Congratulations! If you move them let them crawl into your hand or a toilet paper tube (if they fit LOL) and also be sure to provide lots of tissue for new nest building. Usually I like to let my pregnant does stay in one cage because they spend so much time preparing the nest for the little ones and I don't mess it up even during spot cleaning. Hopefully you get time to separate before they litter. Let us know how it turns out


----------



## jessierose2006 (Dec 1, 2010)

I usually scoop up my pregnant does one hand on either side and slide underneath them to move them if i need to clean the cage and what not.


----------



## evansrabbitranch (Jan 2, 2011)

Thank you for the tips on the moving. I have one new setup almost done, plan to put the big blue tan male and the biggest preggers girl in it. The big male keeps biting the previous litters pups. They are old enough most the males I can tell when they are walking around and rarely try to nurse any more. I want to say they are 4-5 weeks old? I will have to pull up my records. That is another thing having them paired off will do, I will know better exactly when each litter is born. When I have this first pair seperated I will take a picture, please know its a temporary finish as my local shop is out of hardware cloth for another week, but once its in I will install the windows and "sunscreen" for the best ventilation I can offer.

At this time I am choosing to use water dishes I will check a couple times each day, since I am at home all the time, I can do it


----------



## SarahC (Oct 3, 2008)

If I have to move heavily pregnant does I move a portion of the old bedding with them.I am halfway through changing from water bottles to pots.I'm fed up of the bottles not working.


----------



## evansrabbitranch (Jan 2, 2011)

Here are the happy couple. You can't really see the tub itself because I wanted to focus on the mice, but rest assured. Each long side has at least 30 holes drilled in, the short sides at least 20, and the lid has 60. The male is Meener our Blue Tan and the female is Wild Goddess, I am fairly sure she is an agouti. She's adjusting the new home to her liking and he is nibbling holes :x Hoping he stops, lil buggar. I will give her some tissue shortly for her nesting.

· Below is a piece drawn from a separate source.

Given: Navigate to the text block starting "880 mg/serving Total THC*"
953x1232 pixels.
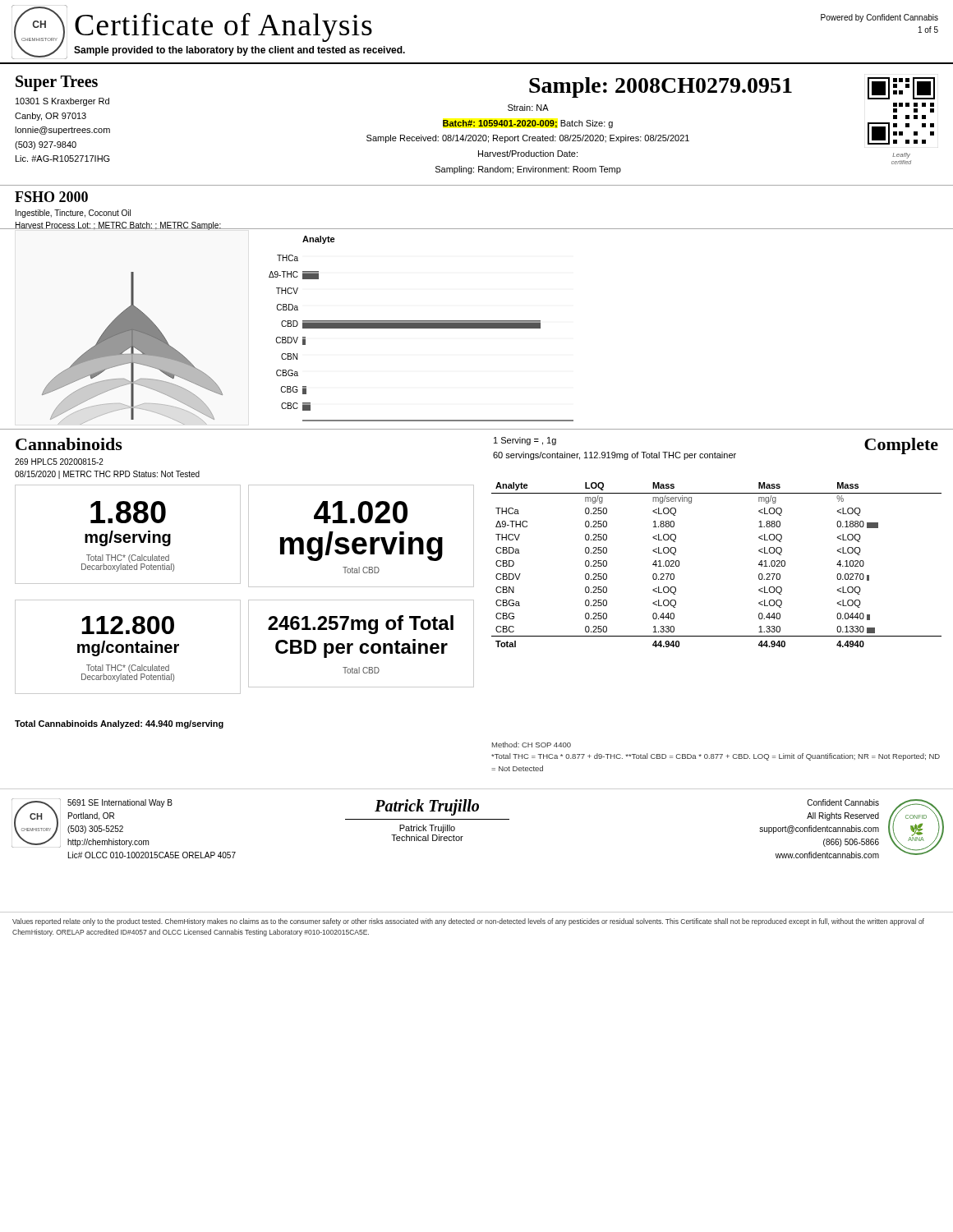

Edit: Oh and before anyone asks its crushed aspen. I find it takes longer to develope an odor with mice using this than regular flake aspen. I get it at a feed shop marketed for horses.


----------



## evansrabbitranch (Jan 2, 2011)

Ok got another pair pulled from the main tank. This time both are Agouti Tans. I know I said I was going away from tans but these are such sweet mice! I may phase them out later, but for now they stay 

The one at the top is Sandi the doe and at the bottom is Brightling, the little buckling. I named him brightling because I thought he was a satin but he is not that shiney any more. In fact he is just as shiney as Sandi and I am positive she is not satin. What do you guys think? (don't ask me to check teeth, teeth hurt lol)


----------



## WillowDragon (Jan 7, 2009)

Are you planning on doing back to back breedings with these mice? If you are, fine, but if your not, I'd be moving out those boys around about now! hehe

And no, those bottom two don't look satin to me, just have nice healthy coats.

W xx


----------



## evansrabbitranch (Jan 2, 2011)

Yes, for now I plan to do back to back breedings. Still deciding how to keep improving everything and choosing which males to keep etc. Going to have to do a lot of thinking over the next few days.


----------



## jessierose2006 (Dec 1, 2010)

I would have opted to not put holes at mouse reach level. as they will chew and eventually get out. I put all my holes above their reach so they can chew at them but you may luck out and not have any issues. I have noticed if you put a tp roll in with the chewers they seem to chew that instead of the holes in their cage.


----------



## SarahY (Nov 6, 2008)

> Each long side has at least 30 holes drilled in, the short sides at least 20, and the lid has 60.


I'm sorry to be the bearer of bad news, but that won't be enough! You need proper big panels that the air can move freely through, otherwise condensation will form and everything will get soggy, and the smell inside the box will be eyewatering.

Also, they can chew a hole big enough to get out in less than an hour, it won't be a gradual thing that you'll be able to spot and block off before any harm is done.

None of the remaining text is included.